Case ID: f2d_170/html/0238-01.html
Source: Caselaw Access Project
Author: {"author": "PER CURIAM.", "license": "Public Domain", "url": "https://static.case.law/"}
Date Created: 2024-08-24T03:29:51.129683

PENNSYLVANIA R. CO. v. FOLGER.
    No. 10660.
    United States Court of Appeals Sixth Circuit.
    Oct. 25, 1948.
    R. H. Treffinger, of Columbus, Ohio (Burr, Porter Stanley & Treffinger, of Columbus, Ohio, on the brief; Charles S. Gillispie, of Columbus, Ohio, of counsel), for appellant.
    Russell Leasure, of Columbus, Ohio (Paul M. Herbert, of Columbus, Ohio, on the brief; Herbert & Dombey, of Columbus, Ohio, of counsel), for appellee.
    Before ALLEN, MARTIN, and MILLER, Circuit Judges.
   PER CURIAM.

This appeal is prosecuted from a judgment of the District Court entered on a jury verdict in a personal injury case arising out of a collision on a grade crossing-between an automobile driven by appellee’s decedent and a passenger train of appel-( lant’s railroad.- The accident occurred in the village of West Lafayette, Coshocton County, Ohio. The decedent was driving his automobile at about midnight in a southerly direction on State Route 93. At the grade crossing there are four sets of railroad tracks, an east-bound and westbound main track, and two spur tracks, one to the north and one to the south of the main tracks. Flasher light signals were located at the northwest and southeast corners of the crossing, and it is conceded that the track circuit extends 3387 feet in both directions, east and west. As the decedent approached the Crossing a freight train, was standing east of the crossing on the west-bound track, with the front end of the engine some 250 or 300 feet east of the highway. A passenger train was approaching on the east-bound track, that is, the south track. The flasher lights were operating. An eyewitness, Harry Goodwin, saw the decedent’s automobile slow down, but it did not stop and continued across the crossing without materially changing its speed, and was struck by the oncoming passenger train. When Goodwin first saw the engine of the passenger train the automobile was approximately three feet north of the northerly spur track, some 60 or 70 feet from the east-bound track. Its speed was not quite ten miles per hour. At that time the passenger train was passing the tool shed, which is conceded to be approximately 490 feet west of State Route 93.

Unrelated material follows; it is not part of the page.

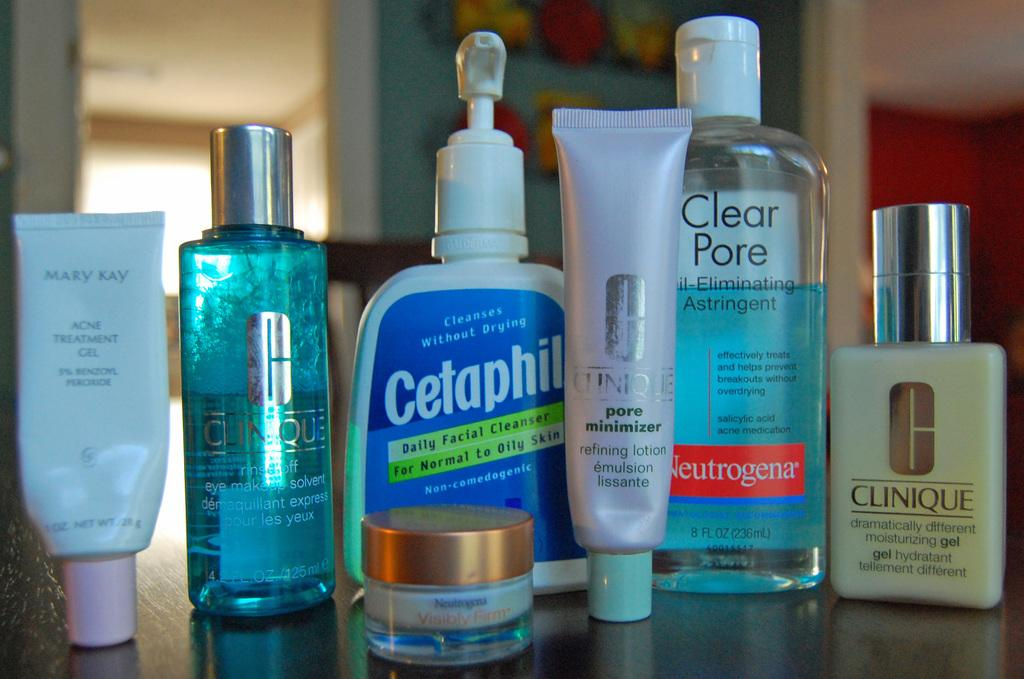<image>
Render a clear and concise summary of the photo. A collection of toiletry products including Cetaphil and Clear Pore. 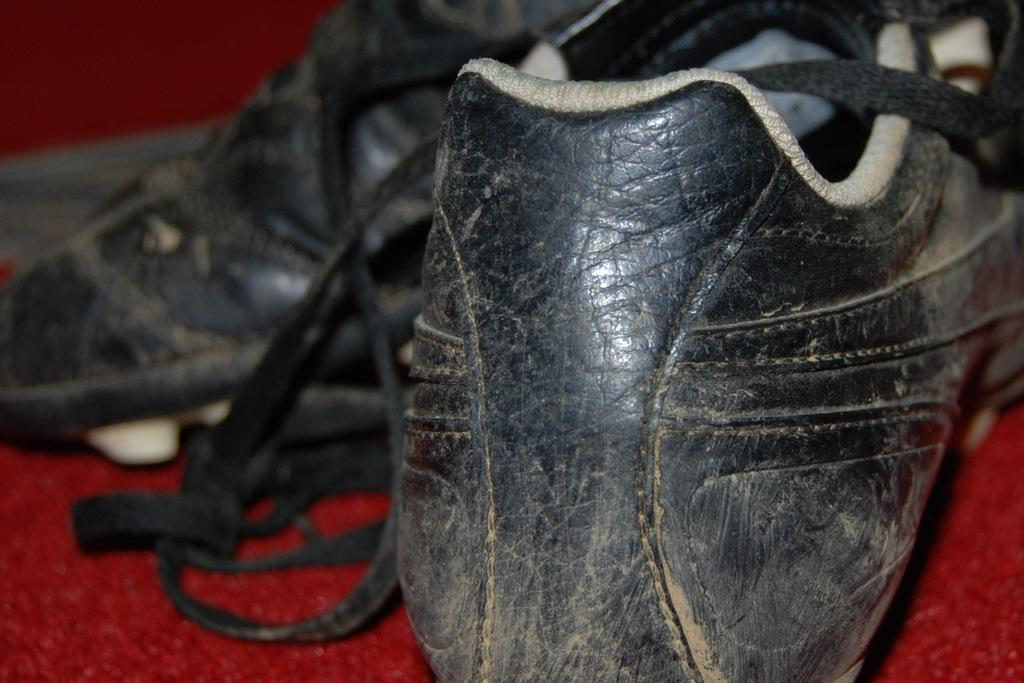What type of object is present in the image? There is footwear in the image. What is the footwear placed on? The footwear is on a red surface. What color is the background of the image? The background of the image is red. What type of actor can be seen performing in the image? There is no actor present in the image; it features footwear on a red surface with a red background.

The engineer and conductor testified that the whistle was sounded according to the statute, and a resident of a house a block away heard the whistle; but Goodwin did not hear it. The decedent was killed in the collision, and hence some of the most important testimony in the case with reference to the events which led up to the accident is that of Goodwin.

We deem it unnecessary to discuss the question of physical obstructions on the right of way and the layout of the tracks, because in our view one proposition is determinative, namely, that the evidence, when considered in the light most favorable to the' appellee, establishes as a matter of law that the decedent was guilty of contributory negligence which proximately contributed to cause his death. It is uncontradicted on this record that the decedent drove across the crossing in violation of statute, and thus was guilty of negligence per se.

Section 6307-60, General Code of Ohio, provides:

“No person shall drive a vehicle across a railroad grade crossing when:
“(a) A clearly visible electric or mechanical signal device gives warning of the immediate approach of a train * * *

' Here the uncontradicted evidence shows that flasher lights were in operation during the entire period of the accident. The locomotive was some 490 feet west of the crossing, going 70 miles an hour at the time the automobile was some 70 feet from the track. The all-important fact is that the passenger train was within the circuit of the flasher light, which is conceded to be 3387 feet west of the crossing, as the decedent drove up to the tracks. In its answer to one of the interrogatories, the jury specifically found that at the time the decedent drove his automobile upon the crossing where the collision occurred, the electric mechanical signal device was giving warning of the immediate approach of a train. The fact that the flasher light was also giving warning of the presence of the standing freight train does not affect the determinative importance of the circumstance that the decedent had warning of the approach of the passenger train.

Under these conceded facts, the case falls squarely within the ambit of § 6307-60, General Code of Ohio. Driving across the grade crossing under these circumstances was negligence per se, under long-established Ohio law. Schell v. DuBois, 94 Ohio St. 93, 113 N.E. 664, L.R.A:1917A, 710; Pennsylvania R. Co. v. Moses, 125 Ohio St. 621, 184 N.E. 8.

The judgment is reversed and the case is remanded with instructions to enter judgment for the appellant.